What happens is that after some time you get tired of thinking, you get fed up and say, ‘What is this, every day I am thinking the same thing!’ At this time, the mind just relaxes and the thought process stops for a fraction of a second. It can happen for five minutes, it can happen for ten minutes, sometimes the whole day you do not get thoughts in your mind because you are not interested in thinking. Every day you are thinking the same thing and what is the use? You are not panicky or guilty about it, but it is too much thinking the same thing over and over again. So you have Christ and the cross, Rama, Shiva, Vishnu and Mohamed with a big crown and big beard and Buddhists all with shaven heads. They come very clearly to your mind and for one or two days you are so blissful. On the second day, it becomes a little less, third day a little less. Then again you start thinking the same thing, again and again.

There is a system of chanting, days of chanting, on which you start that mantra. You should know at what time – which constellation has to be in position, whether Jupiter is in the sixth house and so on. You should know which particular astrological position and the muhurtha, the exact time when you have to start that mantra, and what kind of ritual has to be performed.

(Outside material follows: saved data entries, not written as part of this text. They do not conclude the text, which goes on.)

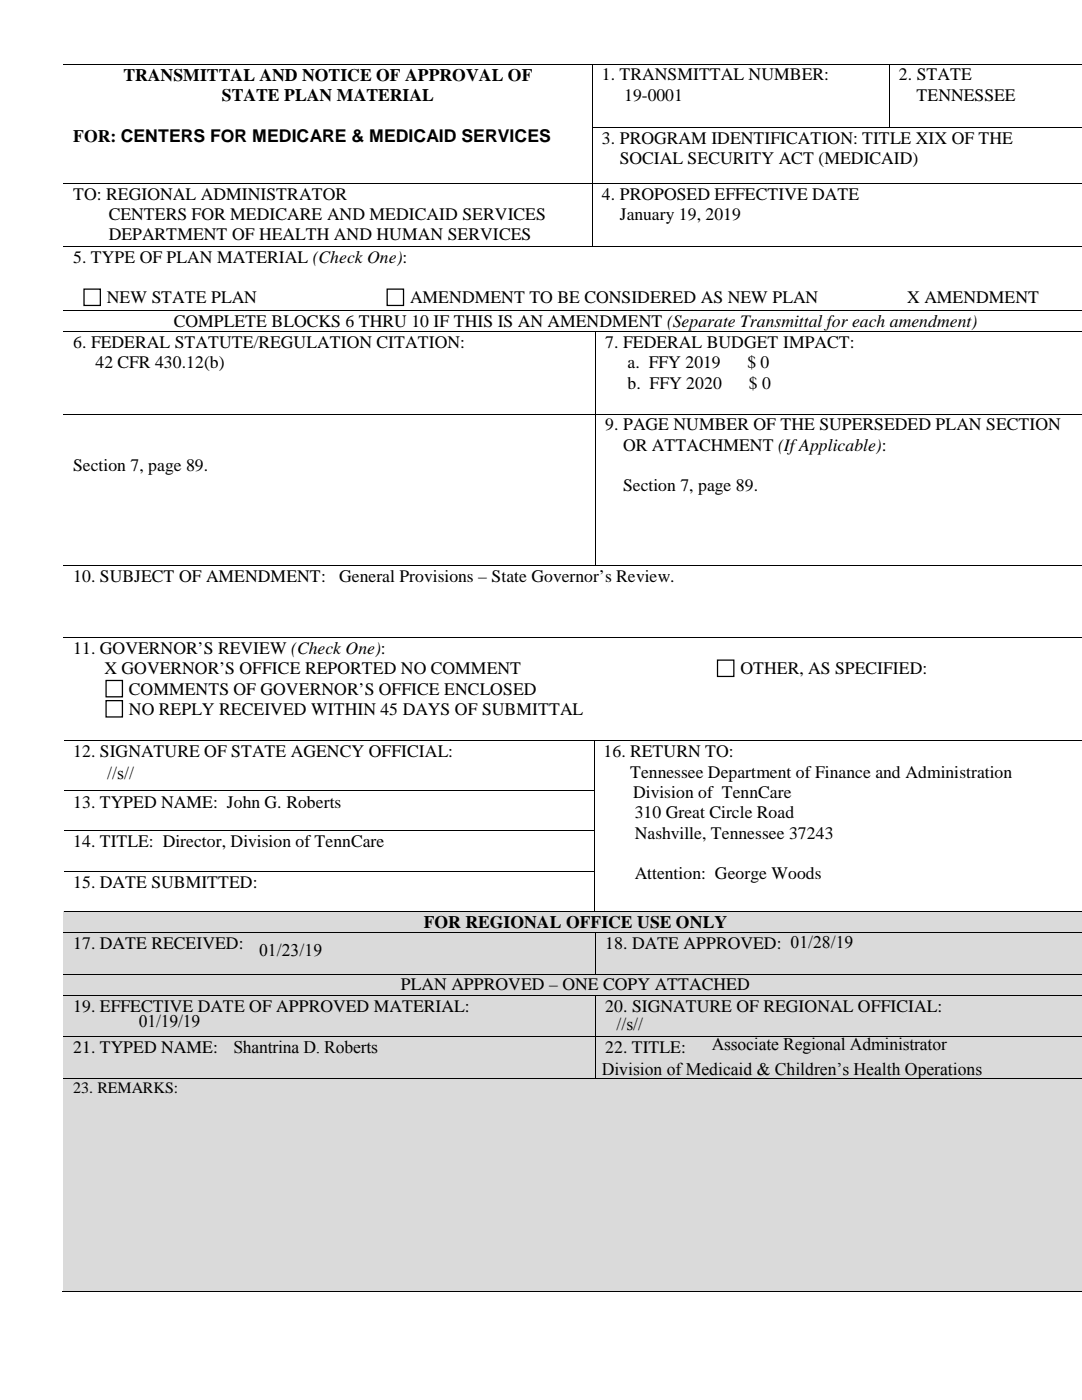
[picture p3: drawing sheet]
<svg xmlns="http://www.w3.org/2000/svg" width="216mm" height="279mm" viewBox="0 0 216 279" stroke-linecap="round" stroke-linejoin="round" font-family="sans-serif">
<defs><g id="words">
<g font-size="3.5">
<text x="24.6" y="16.1">TRANSMITTAL AND NOTICE OF APPROVAL OF</text>
<text x="120.1" y="16">1. TRANSMITTAL NUMBER:</text>
<text x="179.4" y="16">2. STATE</text>
<text x="44.3" y="20.2">STATE PLAN MATERIAL</text>
<text x="124.5" y="20.1">19-0001</text>
<text x="182.9" y="20.1">TENNESSEE</text>
<text x="14.6" y="28.3">FOR: CENTERS FOR MEDICARE &amp; MEDICAID SERVICES</text>
<text x="120.1" y="28.7">3. PROGRAM IDENTIFICATION: TITLE XIX OF THE</text>
<text x="123.7" y="32.8">SOCIAL SECURITY ACT (MEDICAID)</text>
<text x="14.6" y="39.9">TO: REGIONAL ADMINISTRATOR</text>
<text x="120.1" y="39.9">4. PROPOSED EFFECTIVE DATE</text>
<text x="21.7" y="43.9">CENTERS FOR MEDICARE AND MEDICAID SERVICES</text>
<text x="21.7" y="48">DEPARTMENT OF HEALTH AND HUMAN SERVICES</text>
<text x="123.7" y="43.9">January 19, 2019</text>
<text x="14.6" y="52.4">5. TYPE OF PLAN MATERIAL (Check One):</text>
<text x="21.3" y="60.5">NEW STATE PLAN</text>
<text x="34.7" y="65.3">COMPLETE BLOCKS 6 THRU 10 IF THIS IS AN AMENDMENT (Separate Transmittal for each amendment)</text>
<text x="81.8" y="60.5">AMENDMENT TO BE CONSIDERED AS NEW PLAN</text>
<text x="181" y="60.5">X AMENDMENT</text>
<text x="14.6" y="69.5">6. FEDERAL STATUTE/REGULATION CITATION:</text>
<text x="120.8" y="69.5">7. FEDERAL BUDGET IMPACT:</text>
<text x="19" y="73.5">42 CFR 430.12(b)</text>
<text x="125.2" y="77.6">b. FFY 2020</text>
<text x="125.2" y="73.5">a. FFY 2019</text>
<text x="149.1" y="73.5">$ 0</text>
<text x="149.4" y="77.6">$ 0</text>
<text x="120.8" y="85.9">9. PAGE NUMBER OF THE SUPERSEDED PLAN SECTION</text>
<text x="124.3" y="90">OR ATTACHMENT (If Applicable):</text>
<text x="14.6" y="94">Section 7, page 89.</text>
<text x="124.3" y="98.1">Section 7, page 89.</text>
<text x="14.6" y="116.1">10. SUBJECT OF AMENDMENT:</text>
<text x="67.7" y="116.1">General Provisions – State Governor’s Review.</text>
<text x="14.6" y="130.5">11. GOVERNOR’S REVIEW (Check One):</text>
<text x="20.8" y="134.6">X GOVERNOR’S OFFICE REPORTED NO COMMENT</text>
<text x="147.7" y="134.6">OTHER, AS SPECIFIED:</text>
<text x="25.7" y="138.6">COMMENTS OF GOVERNOR’S OFFICE ENCLOSED</text>
<text x="25.7" y="142.7">NO REPLY RECEIVED WITHIN 45 DAYS OF SUBMITTAL</text>
<text x="14.6" y="151.1">12. SIGNATURE OF STATE AGENCY OFFICIAL:</text>
<text x="21.4" y="155.5">//s//</text>
<text x="120.4" y="151.1">16. RETURN TO:</text>
<text x="125.7" y="155.2">Tennessee Department of Finance and Administration</text>
<text x="14.6" y="161.2">13. TYPED NAME: John G. Roberts</text>
<text x="126.3" y="159.3">Division of TennCare</text>
<text x="126.7" y="163.3">310 Great Circle Road</text>
<text x="126.7" y="167.4">Nashville, Tennessee 37243</text>
<text x="14.6" y="169.1">14. TITLE: Director, Division of TennCare</text>
<text x="14.6" y="177.2">15. DATE SUBMITTED:</text>
<text x="126.7" y="175.5">Attention: George Woods</text>
<text x="84.5" y="185.2">FOR REGIONAL OFFICE USE ONLY</text>
<text x="14.6" y="189.4">17. DATE RECEIVED:</text>
<text x="51.7" y="190.7">01/23/19</text>
<text x="120.8" y="189.4">18. DATE APPROVED: 01/28/19</text>
<text x="80" y="197.7">PLAN APPROVED – ONE COPY ATTACHED</text>
<text x="14.6" y="201.9">19. EFFECTIVE DATE OF APPROVED MATERIAL:</text>
<text x="120.8" y="201.9">20. SIGNATURE OF REGIONAL OFFICIAL:</text>
<text x="27.7" y="205">01/19/19</text>
<text x="123" y="205.5">//s//</text>
<text x="142" y="209.6">Associate Regional Administrator</text>
<text x="14.6" y="210.2">21. TYPED NAME:</text>
<text x="46.6" y="210.1">Shantrina D. Roberts</text>
<text x="120.1" y="214.6">Division of Medicaid &amp; Children’s Health Operations</text>
<text x="120.8" y="210.2">22. TITLE:</text>
</g>
<text font-size="3.2" x="14.6" y="218.1">23. REMARKS:</text>
</g></defs>
<g fill="none" stroke="#000" stroke-width=".2">
<path d="M12.7 12.8h105.4M118.2 12.9v12.5M118.3 12.8h59.1M177.5 12.9v12.5M177.5 12.8h38.4M12.7 36.6h105.4M118.2 25.6v10.9M118.2 36.7v12.4M118.3 25.5h59.1M118.3 36.6h97.6M177.5 25.5h38.4M12.7 49.1h105.4"/>
<path d="M118.3 49.1h97.6M12.7 62h203.2M12.7 66.2h106.1M118.9 66.3v16.2M119 66.2h96.9M12.7 82.6h106.1M118.9 82.7v30M119 82.6h96.9M12.7 112.8h106.1M119 112.8h96.9M12.7 127.3h203.2M12.7 147.9h105.7"/>
<path d="M12.7 157.9h105.7M118.5 148v9.8M118.5 157.9v7.8M118.6 147.9h97.3M12.7 165.8h105.7M12.7 173.9h105.7M118.5 165.9v7.9M118.5 174v7.8"/>
</g>
<g fill="#000">
<path d="M118.1 12.7h.2v.2h-.2zM177.4 12.7h.1v.2h-.1zM118.1 25.4h.2v.2h-.2zM118.1 36.5h.2v.2h-.2zM177.4 25.4h.1v.2h-.1zM118.1 49.1h.2v.1h-.2zM118.8 66.1h.2v.2h-.2zM118.8 82.5h.2v.2h-.2zM118.8 112.7h.2v.2h-.2zM118.4 147.8h.2v.2h-.2zM118.4 157.8h.2v.1h-.2zM118.4 165.7h.2v.2h-.2z"/>
<path d="M118.4 173.8h.2v.2h-.2z"/>
</g>
<path d="M16.8 57.7h3.2v3.3h-3.2zM77.3 57.7h3.2v3.3h-3.2zM21.2 135.8h3.2v3.3h-3.2zM21.2 139.8h3.2v3.3h-3.2zM143.2 131.7h3.2v3.3h-3.2z" fill="none" stroke="#000" stroke-width=".25"/>
<g fill="#dadada">
<path d="M12.7 181.9h203.2v4.1h-203.2z"/>
<path d="M14.6 181.9h200.5v4.1h-200.5z"/>
</g>
<path d="M12.7 181.9h105.7M118.6 181.9h97.3" fill="none" stroke="#000" stroke-width=".2"/>
<path d="M118.4 181.8h.2v.1h-.2z" fill="#000"/>
<path d="M12.7 186.2h106.1v8.1h-106.1z" fill-rule="evenodd" fill="#dadada"/>
<g fill="#dadada">
<path d="M14.6 186.2h102.4v4h-102.4z"/>
<path d="M14.6 190.2h102.4v4.1h-102.4z"/>
<path d="M119 186.2h96.9v8.1h-96.9z"/>
<path d="M120.8 186.2h94.3v4h-94.3z"/>
</g>
<path d="M12.7 186.1h106.1M118.9 186.2v8.1M119 186.1h96.9" fill="none" stroke="#000" stroke-width=".2"/>
<path d="M118.8 186h.2v.2h-.2z" fill="#000"/>
<g fill="#dadada">
<path d="M12.7 194.5h203.2v4h-203.2z"/>
<path d="M14.6 194.5h200.5v4h-200.5z"/>
</g>
<path d="M12.7 194.4h106.1M119 194.4h96.9" fill="none" stroke="#000" stroke-width=".2"/>
<path d="M118.8 194.3h.2v.2h-.2z" fill="#000"/>
<path d="M12.7 198.7h106.1v8.1h-106.1z" fill-rule="evenodd" fill="#dadada"/>
<g fill="#dadada">
<path d="M14.6 198.7h102.4v4.1h-102.4z"/>
<path d="M14.6 202.8h102.4v4h-102.4z"/>
<path d="M119 198.7h96.9v8.1h-96.9z"/>
<path d="M120.8 198.7h94.3v4.1h-94.3z"/>
<path d="M120.8 202.8h94.3v4h-94.3z"/>
</g>
<path d="M12.7 198.6h106.1M118.9 198.7v8.1M119 198.6h96.9" fill="none" stroke="#000" stroke-width=".2"/>
<path d="M118.8 198.5h.2v.2h-.2z" fill="#000"/>
<path d="M12.7 207h106.1v8.1h-106.1z" fill-rule="evenodd" fill="#dadada"/>
<g fill="#dadada">
<path d="M14.6 207h102.4v4h-102.4z"/>
<path d="M14.6 211h102.4v4.1h-102.4z"/>
<path d="M119 207h96.9v8.1h-96.9z"/>
<path d="M120.8 207h94.3v4h-94.3z"/>
<path d="M120.8 211h94.3v4.1h-94.3z"/>
</g>
<path d="M12.7 206.9h106.1M118.9 207v8.1M119 206.9h96.9" fill="none" stroke="#000" stroke-width=".2"/>
<path d="M118.8 206.8h.2v.2h-.2z" fill="#000"/>
<g fill="#dadada">
<path d="M12.7 215.3h203.2v42.3h-203.2z"/>
<path d="M14.6 215.3h200.5v3.6h-200.5z"/>
</g>
<path d="M14.6 218.9h200.5v3.7h-200.5z" fill-rule="evenodd" fill="#dadada"/>
<path d="M12.7 215.2h106.1M119 215.2h96.9M12.4 257.7h203.5" fill="none" stroke="#000" stroke-width=".2"/>
<path d="M118.8 215.1h.2v.2h-.2z" fill="#000"/>
<use href="#words"/>
</svg>

Then there are mantras for helping people to get rid of diseases like hepatitis and many other things. Mantras have got a lot of divisions. What you and I are talking about is the mantra for your spiritual upliftment, for your spiritual experience, but that is not the only line of mantra. There are many kinds of mantra: tantric mantras, vedic mantras, puranic mantras or religious mantras, and for each and every type of mantra the system of practice is different. The author of initiation, the guru, is also different. For example, tantric mantras – I cannot give tantric mantras even if I know them because I am not an authority on that. Puranic mantras I can give; vedic mantras I can give but tantric mantras or the mantras in order to give you siddhis or for scorpion or snake bites, I cannot give. I know the mantras by heart but I have not practised them.

Although I have practised the scorpion bite mantra when I was in Rishikesh because once a scorpion bit me. It was a terrible pain! I had never cried in my life or reacted to pain. If anybody beat me, I fought it; I never cried, even if I was wounded but that day it was such a great pain that I thought, ‘No, I am not a strong man.’ So I took the mantra from a scavenger woman who cleaned the toilets with buckets. She gave me the mantra. Can you imagine a scavenger woman as your guru? I had to touch her feet and offer her flowers; she put the tika on me and said practise this mantra. I practised that mantra and later on I tried it, even now I have tried it. I can just take a scorpion bite out, I touch it and it becomes all right.

Carlos Castaneda has also done a lot of adventures on mantra, hasn’t he? He has tried a lot of mantra influencing a lizard or a frog or an animal to move from his shoulder, to go away or to come. So these mantras are there which do act as a gross, external force.

Mantra should not be understood in a limited religious sense of prayer. They are very powerful. In the Puranas like Bhagavat Purana, Mahabharata, they have depicted wars with bows and arrows but everywhere it is written that he chanted a mantra and remembered the shakti, and then he shot. The warrior disciples had such a quick memory that they knew at what time the opponent was repeating which mantra and what weapon he was going to throw at him and how he was going to counteract it.

A Frenchman wrote in the eighteenth or nineteenth century on laser beams and today we have laser beams; he wrote a story about what a laser beam could do and the same thing has happened. Similarly, ‘Star Wars’ – there is so much in the Puranas where these devas and devis are going into the sky, fighting with each other and destroying each other. That has been the fantasy of man and it may happen. So sometimes these crazy thinkers wrote books which talk about psychic warfare. They do not talk about mantra fortunately, but about the psychic forces being released by people towards each other and hurting, wounding and destroying them.